世界の金融市場が大荒れの展開となる中、トランプ米大統領が大半の国に対する上乗せ関税を一時停止すると発表して株価が急騰する前に、一部の超富裕層は主な上場資産への投資を増やしていたことが分かった。

スウェーデンのファストファッション企業ヘネス・アンド・マウリッツ(H&M)の創業者一族であるパーション家は、トランプ氏の関税政策が市場に大打撃を与えた中、自社株保有を繰り返し増やした。
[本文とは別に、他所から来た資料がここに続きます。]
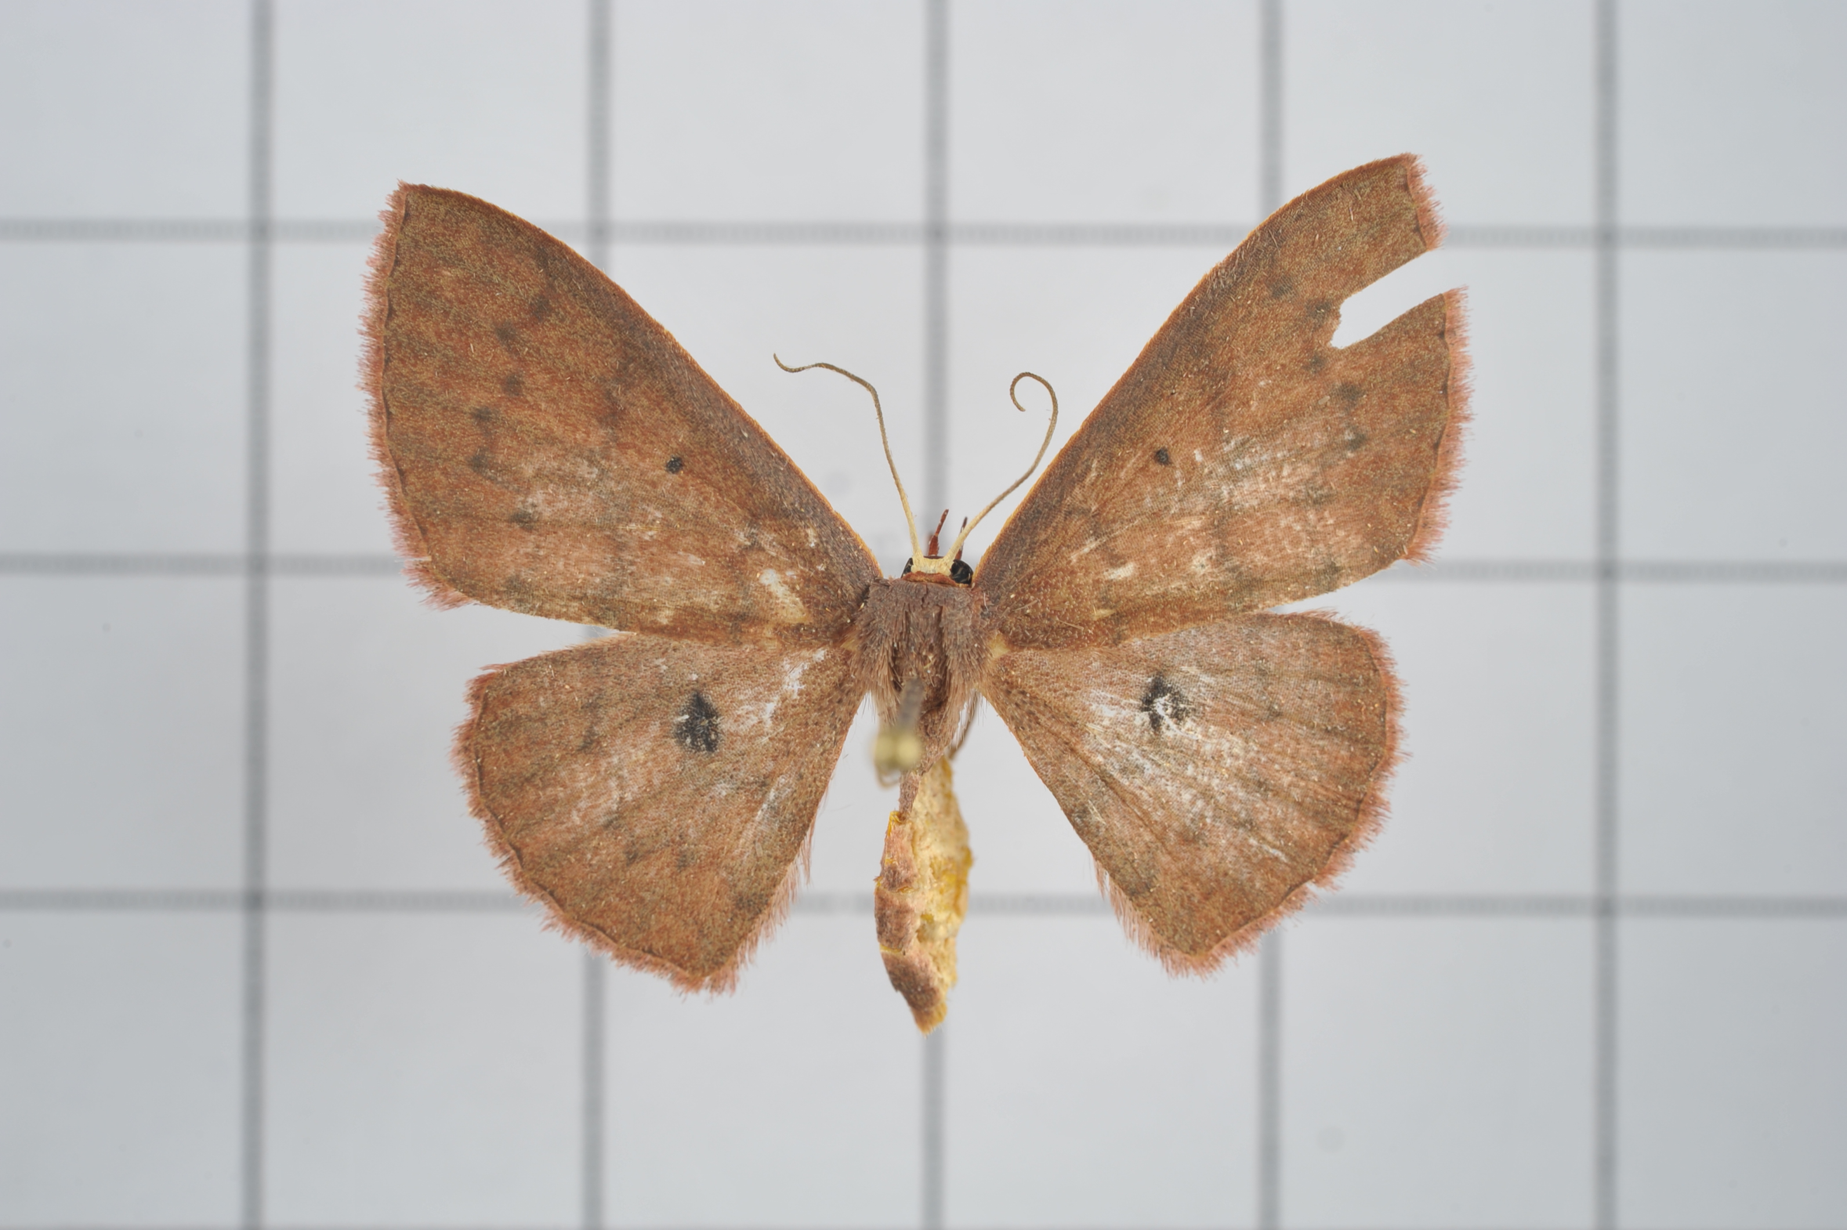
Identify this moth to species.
Organopoda carnearia carnearia

規制当局への提出書類によると、全体で約7億7600万クローナ(約114億円)を投資した。

カルロス・スリム氏

カナダの非鉄金属会社ルンディン・マイニングの創業者一族も4月3日に同社の株式を約2270万カナダ・ドル(約24億円)相当買い増した。メキシコ最大の富豪カルロス・スリム氏は同日、エネルギー価格が下落したのを受け、米石油精製会社PBFエナジーの株式230万米ドル(約3億3700万円)相当の購入に乗り出した。

また、鉱山会社大手グレンコアの筆頭株主で前最高経営責任者(CEO)のアイバン・グラゼンバーグ氏は、株価急落後に10年ぶりに保有株を増やした。
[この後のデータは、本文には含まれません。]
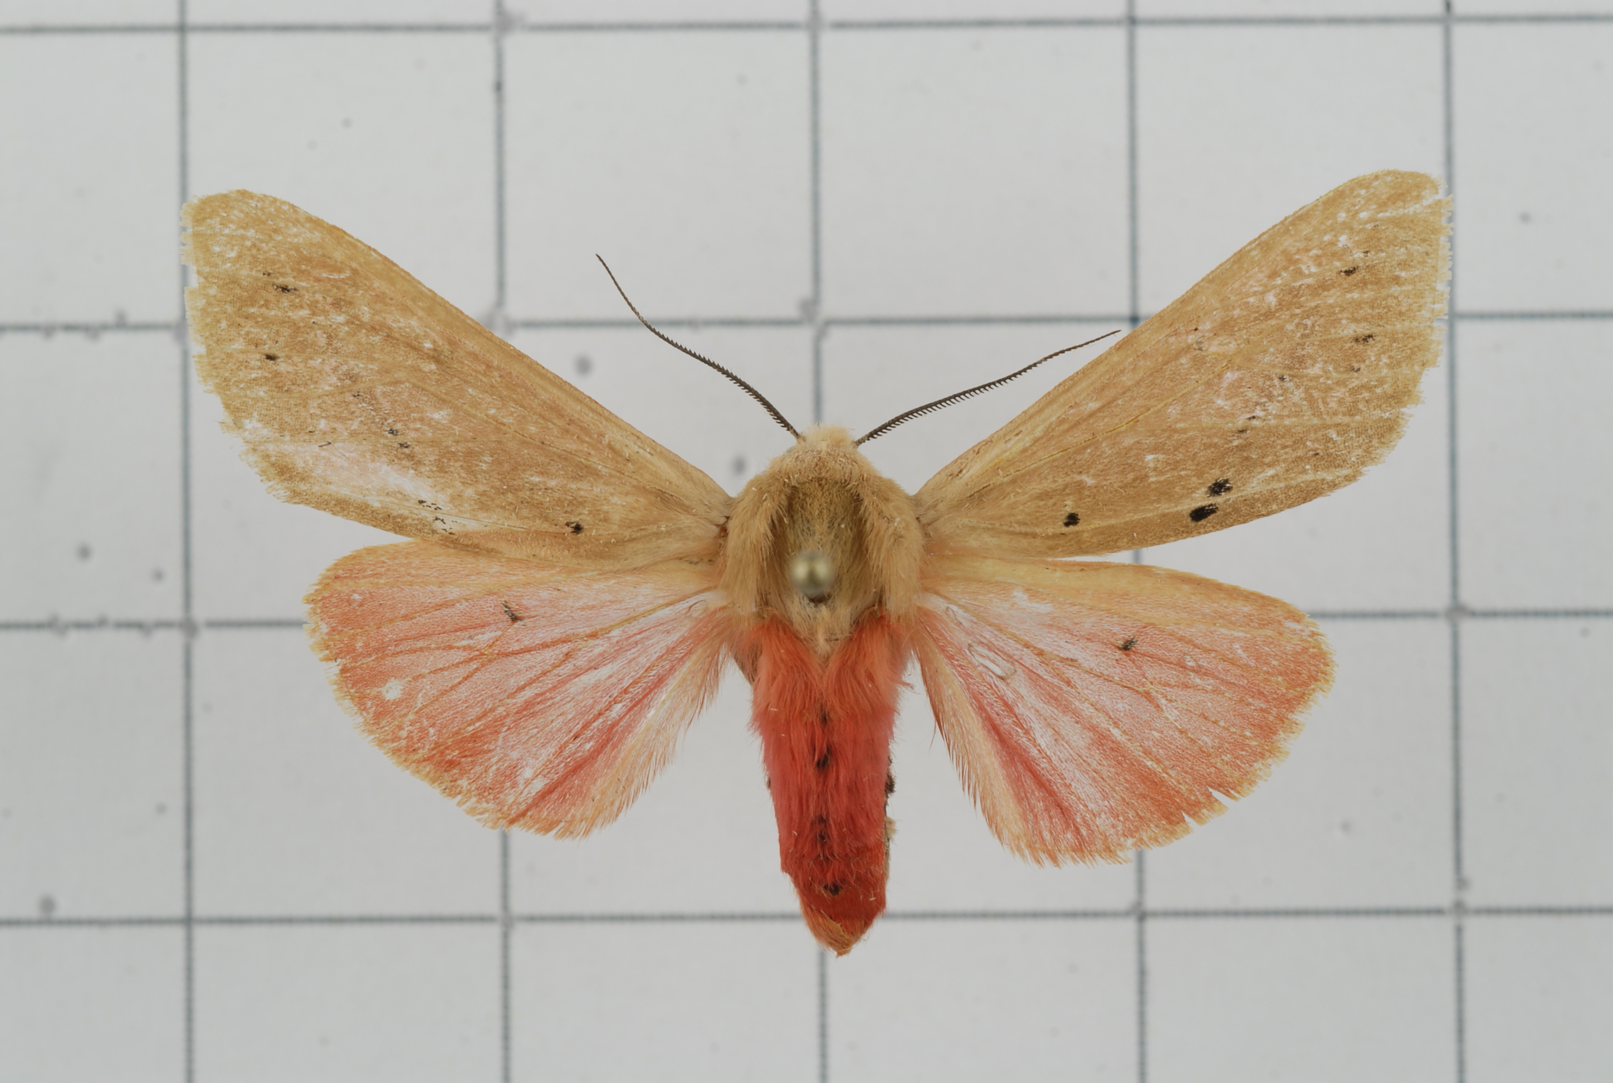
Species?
Spilarctia wilemani

ブルームバーグ・ビリオネア指数で見て、総額約1000億米ドルの純資産を持つこれら富豪の行動は、トランプ氏が米国の関税率を100年強で最高の水準に引き上げたことを受け、投資の好機と受け止めたシグナルと言えそうだ。

トランプ氏が「解放の日」と呼んだ2日の発表を受け、これらの企業の株価は軒並み下落したが、9日の欧州市場取引終了後の上乗せ関税一時停止発表を受け、PBFエナジーとルンディン・マイニングの株価は急反発した。

原題:Billionaires Bought Their Own Shares Ahead of Fresh Market Surge(抜粋)

--取材協力:Charles Daly.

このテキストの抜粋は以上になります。